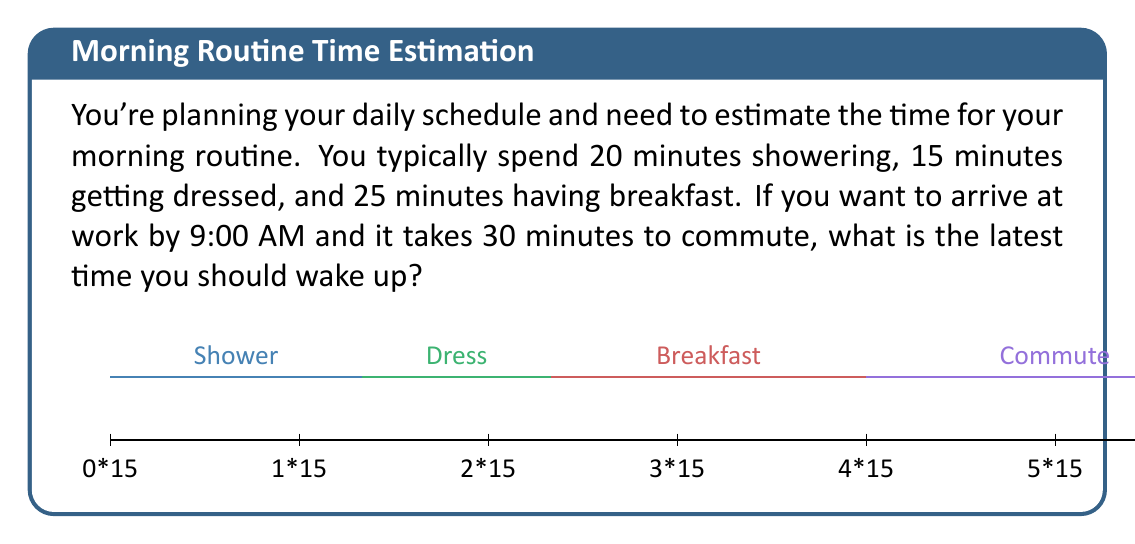Teach me how to tackle this problem. Let's break this down step-by-step:

1) First, let's calculate the total time needed for the morning routine:
   Shower: 20 minutes
   Getting dressed: 15 minutes
   Breakfast: 25 minutes
   $$20 + 15 + 25 = 60$$ minutes

2) Now, add the commute time:
   Morning routine: 60 minutes
   Commute: 30 minutes
   $$60 + 30 = 90$$ minutes

3) We know you need to arrive at work by 9:00 AM. To find the latest wake-up time, we need to subtract 90 minutes from 9:00 AM.

4) 90 minutes is equal to 1 hour and 30 minutes.
   $$9:00 \text{ AM} - 1:30 = 7:30 \text{ AM}$$

Therefore, the latest time you should wake up is 7:30 AM to ensure you arrive at work by 9:00 AM.
Answer: 7:30 AM 
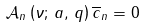Convert formula to latex. <formula><loc_0><loc_0><loc_500><loc_500>\mathcal { A } _ { n } \left ( \nu ; \, a , \, q \right ) \overline { c } _ { n } = 0</formula> 
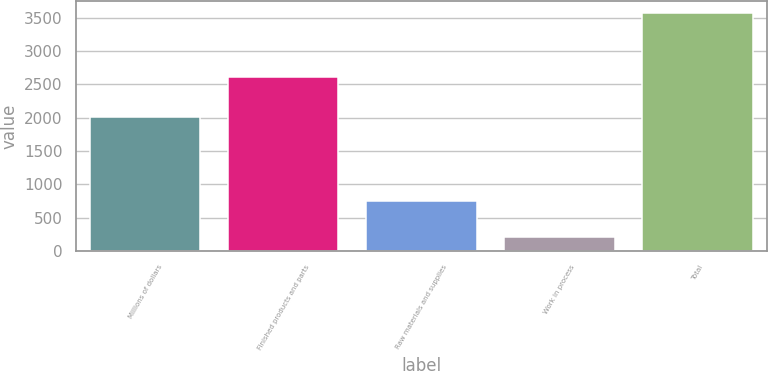<chart> <loc_0><loc_0><loc_500><loc_500><bar_chart><fcel>Millions of dollars<fcel>Finished products and parts<fcel>Raw materials and supplies<fcel>Work in process<fcel>Total<nl><fcel>2014<fcel>2606<fcel>754<fcel>211<fcel>3571<nl></chart> 
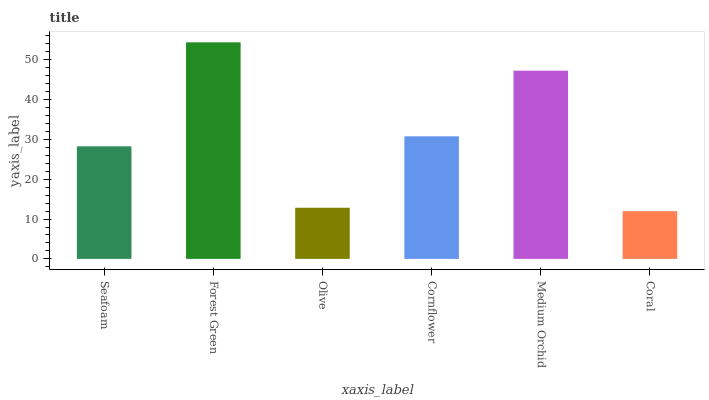Is Coral the minimum?
Answer yes or no. Yes. Is Forest Green the maximum?
Answer yes or no. Yes. Is Olive the minimum?
Answer yes or no. No. Is Olive the maximum?
Answer yes or no. No. Is Forest Green greater than Olive?
Answer yes or no. Yes. Is Olive less than Forest Green?
Answer yes or no. Yes. Is Olive greater than Forest Green?
Answer yes or no. No. Is Forest Green less than Olive?
Answer yes or no. No. Is Cornflower the high median?
Answer yes or no. Yes. Is Seafoam the low median?
Answer yes or no. Yes. Is Olive the high median?
Answer yes or no. No. Is Cornflower the low median?
Answer yes or no. No. 
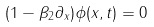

################

Copy every line of the data that carries the word "latest".

● **REPLY TO THE TASK**
3) We know you need to arrive at work by 9:00 AM. To find the latest wake-up time, we need to subtract 90 minutes from 9:00 AM.
Therefore, the latest time you should wake up is 7:30 AM to ensure you arrive at work by 9:00 AM.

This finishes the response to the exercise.